It looks like the expression has a discontinuity centered at \(x=1\) when \(N\rightarrow\infty\). This discontinuity corresponds to a phase change - the phase of relatively few links being open changes to the phase of almost all links being open.

Not quite little cupcake. It is true that \(exp(-\beta\epsilon)\) can never equal one, so we will never see a phase transition in the traditional solution to the zipper problem where \(G=1\). However, the expression \(x = Gexp(-\beta \epsilon)\) can equal one if G is large enough.

\[\begin{equation} Ge^{-\beta \epsilon} = 1 \end{equation}\] \[\begin{equation} G = e^{\beta \epsilon} \end{equation}\]

When the degeneracy of the system is equal to \(exp(\beta\epsilon)\), we will see a phase transition. Pretty neat.

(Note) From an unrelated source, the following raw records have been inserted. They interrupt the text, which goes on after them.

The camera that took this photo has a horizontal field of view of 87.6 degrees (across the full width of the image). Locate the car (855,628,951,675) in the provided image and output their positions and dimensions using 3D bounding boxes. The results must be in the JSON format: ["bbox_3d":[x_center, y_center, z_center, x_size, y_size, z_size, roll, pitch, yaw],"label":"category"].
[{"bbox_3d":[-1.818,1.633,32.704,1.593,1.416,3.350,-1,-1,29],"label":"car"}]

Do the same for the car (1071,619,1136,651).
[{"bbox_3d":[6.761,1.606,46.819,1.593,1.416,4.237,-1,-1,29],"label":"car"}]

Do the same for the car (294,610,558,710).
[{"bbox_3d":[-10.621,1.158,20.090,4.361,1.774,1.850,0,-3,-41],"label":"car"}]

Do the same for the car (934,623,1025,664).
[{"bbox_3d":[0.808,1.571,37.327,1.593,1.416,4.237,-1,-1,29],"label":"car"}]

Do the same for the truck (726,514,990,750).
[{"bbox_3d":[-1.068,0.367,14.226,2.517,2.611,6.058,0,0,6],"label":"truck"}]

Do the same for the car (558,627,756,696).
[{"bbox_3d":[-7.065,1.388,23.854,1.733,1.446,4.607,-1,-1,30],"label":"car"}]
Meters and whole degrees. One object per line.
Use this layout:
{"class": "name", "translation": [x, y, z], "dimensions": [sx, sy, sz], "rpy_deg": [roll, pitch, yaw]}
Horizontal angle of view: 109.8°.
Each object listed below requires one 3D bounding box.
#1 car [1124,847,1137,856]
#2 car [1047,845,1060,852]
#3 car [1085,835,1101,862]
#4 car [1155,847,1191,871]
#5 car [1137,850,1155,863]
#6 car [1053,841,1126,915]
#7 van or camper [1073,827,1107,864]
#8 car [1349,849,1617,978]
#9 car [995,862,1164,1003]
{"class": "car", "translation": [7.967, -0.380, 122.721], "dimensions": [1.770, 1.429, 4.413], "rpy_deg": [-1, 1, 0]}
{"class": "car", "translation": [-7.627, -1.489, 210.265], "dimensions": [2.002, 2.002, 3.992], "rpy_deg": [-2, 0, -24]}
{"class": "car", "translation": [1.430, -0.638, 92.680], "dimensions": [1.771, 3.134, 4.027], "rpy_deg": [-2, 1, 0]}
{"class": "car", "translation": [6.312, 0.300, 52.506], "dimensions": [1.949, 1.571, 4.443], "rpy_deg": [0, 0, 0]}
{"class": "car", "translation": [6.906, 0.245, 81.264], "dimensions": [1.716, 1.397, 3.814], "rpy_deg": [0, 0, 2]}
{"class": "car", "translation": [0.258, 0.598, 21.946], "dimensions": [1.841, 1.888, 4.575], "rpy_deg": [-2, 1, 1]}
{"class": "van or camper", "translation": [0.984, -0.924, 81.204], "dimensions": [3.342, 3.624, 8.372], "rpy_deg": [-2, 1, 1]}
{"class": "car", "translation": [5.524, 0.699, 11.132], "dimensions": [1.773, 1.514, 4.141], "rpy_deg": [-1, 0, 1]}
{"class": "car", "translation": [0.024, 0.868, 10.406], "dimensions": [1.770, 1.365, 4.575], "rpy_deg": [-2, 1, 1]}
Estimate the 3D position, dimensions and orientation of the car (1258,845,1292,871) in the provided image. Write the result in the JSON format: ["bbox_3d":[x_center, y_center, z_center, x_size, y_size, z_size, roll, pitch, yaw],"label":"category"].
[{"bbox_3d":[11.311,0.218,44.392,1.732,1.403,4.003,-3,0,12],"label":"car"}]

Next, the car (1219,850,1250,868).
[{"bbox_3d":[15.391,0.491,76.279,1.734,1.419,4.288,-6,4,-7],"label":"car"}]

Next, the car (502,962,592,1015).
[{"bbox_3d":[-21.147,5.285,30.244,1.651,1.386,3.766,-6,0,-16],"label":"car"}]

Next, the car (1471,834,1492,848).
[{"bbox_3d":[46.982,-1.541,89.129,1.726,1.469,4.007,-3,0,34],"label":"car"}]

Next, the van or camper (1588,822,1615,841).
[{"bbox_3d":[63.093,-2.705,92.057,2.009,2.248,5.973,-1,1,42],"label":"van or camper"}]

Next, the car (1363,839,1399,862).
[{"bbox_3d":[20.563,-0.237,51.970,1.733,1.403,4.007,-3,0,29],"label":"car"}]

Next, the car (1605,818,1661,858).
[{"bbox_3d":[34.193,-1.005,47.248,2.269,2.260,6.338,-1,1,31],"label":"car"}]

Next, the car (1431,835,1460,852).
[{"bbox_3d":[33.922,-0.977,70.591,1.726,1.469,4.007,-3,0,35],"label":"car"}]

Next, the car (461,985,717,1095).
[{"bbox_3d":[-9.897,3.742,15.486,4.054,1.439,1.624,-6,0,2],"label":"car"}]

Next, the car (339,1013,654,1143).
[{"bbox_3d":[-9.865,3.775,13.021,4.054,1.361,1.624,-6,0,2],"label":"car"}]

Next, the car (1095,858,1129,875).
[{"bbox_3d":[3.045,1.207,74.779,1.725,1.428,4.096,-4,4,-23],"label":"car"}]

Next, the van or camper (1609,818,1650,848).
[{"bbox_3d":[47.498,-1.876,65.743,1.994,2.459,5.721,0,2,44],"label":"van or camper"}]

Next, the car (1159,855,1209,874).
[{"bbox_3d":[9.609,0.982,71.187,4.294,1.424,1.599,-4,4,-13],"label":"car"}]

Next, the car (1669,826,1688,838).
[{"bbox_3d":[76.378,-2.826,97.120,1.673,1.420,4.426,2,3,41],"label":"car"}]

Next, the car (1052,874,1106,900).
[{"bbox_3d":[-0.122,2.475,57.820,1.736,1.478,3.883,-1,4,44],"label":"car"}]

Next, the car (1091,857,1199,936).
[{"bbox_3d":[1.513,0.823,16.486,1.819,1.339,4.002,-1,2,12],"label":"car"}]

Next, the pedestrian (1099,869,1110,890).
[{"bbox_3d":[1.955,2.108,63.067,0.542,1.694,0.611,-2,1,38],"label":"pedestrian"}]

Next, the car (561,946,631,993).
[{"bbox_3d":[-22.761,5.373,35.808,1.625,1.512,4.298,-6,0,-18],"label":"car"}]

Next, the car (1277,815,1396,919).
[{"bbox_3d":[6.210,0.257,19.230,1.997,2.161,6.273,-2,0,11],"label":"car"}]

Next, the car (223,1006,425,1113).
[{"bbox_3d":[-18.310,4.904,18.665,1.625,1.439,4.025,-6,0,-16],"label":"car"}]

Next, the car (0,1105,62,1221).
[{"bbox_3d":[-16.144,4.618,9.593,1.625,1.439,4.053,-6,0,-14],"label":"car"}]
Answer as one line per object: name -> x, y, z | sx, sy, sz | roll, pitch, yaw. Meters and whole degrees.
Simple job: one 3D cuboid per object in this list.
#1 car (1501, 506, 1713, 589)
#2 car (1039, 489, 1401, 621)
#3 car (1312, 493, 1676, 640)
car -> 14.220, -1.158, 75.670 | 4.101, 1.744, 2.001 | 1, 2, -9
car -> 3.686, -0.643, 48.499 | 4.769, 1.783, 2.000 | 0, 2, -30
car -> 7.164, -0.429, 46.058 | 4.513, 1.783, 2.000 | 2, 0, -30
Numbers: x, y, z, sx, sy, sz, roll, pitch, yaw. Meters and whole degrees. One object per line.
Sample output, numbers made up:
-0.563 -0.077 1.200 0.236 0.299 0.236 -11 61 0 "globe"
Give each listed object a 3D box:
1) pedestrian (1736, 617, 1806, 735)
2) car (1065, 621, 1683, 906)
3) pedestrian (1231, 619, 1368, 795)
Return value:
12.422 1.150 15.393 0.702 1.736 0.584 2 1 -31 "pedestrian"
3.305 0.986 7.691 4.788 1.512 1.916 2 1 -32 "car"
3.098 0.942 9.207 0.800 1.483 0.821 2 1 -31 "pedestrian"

In the real world, we cannot control \(G\) or \(\epsilon\); they are fixed values for a given system. However, we can control the temperature of the heat bath \(T\). Thus, we can rearrange the equation above to get the temperature at which the phase transition occurs:

\[\begin{equation} G = e^{\beta \epsilon} = e^{\epsilon/kT} \end{equation}\] \[\begin{equation} ln(G) = \epsilon/kT \end{equation}\] \[\begin{equation} T = \frac{\epsilon}{k ln(G)} \end{equation}\]

Pretty snazzy.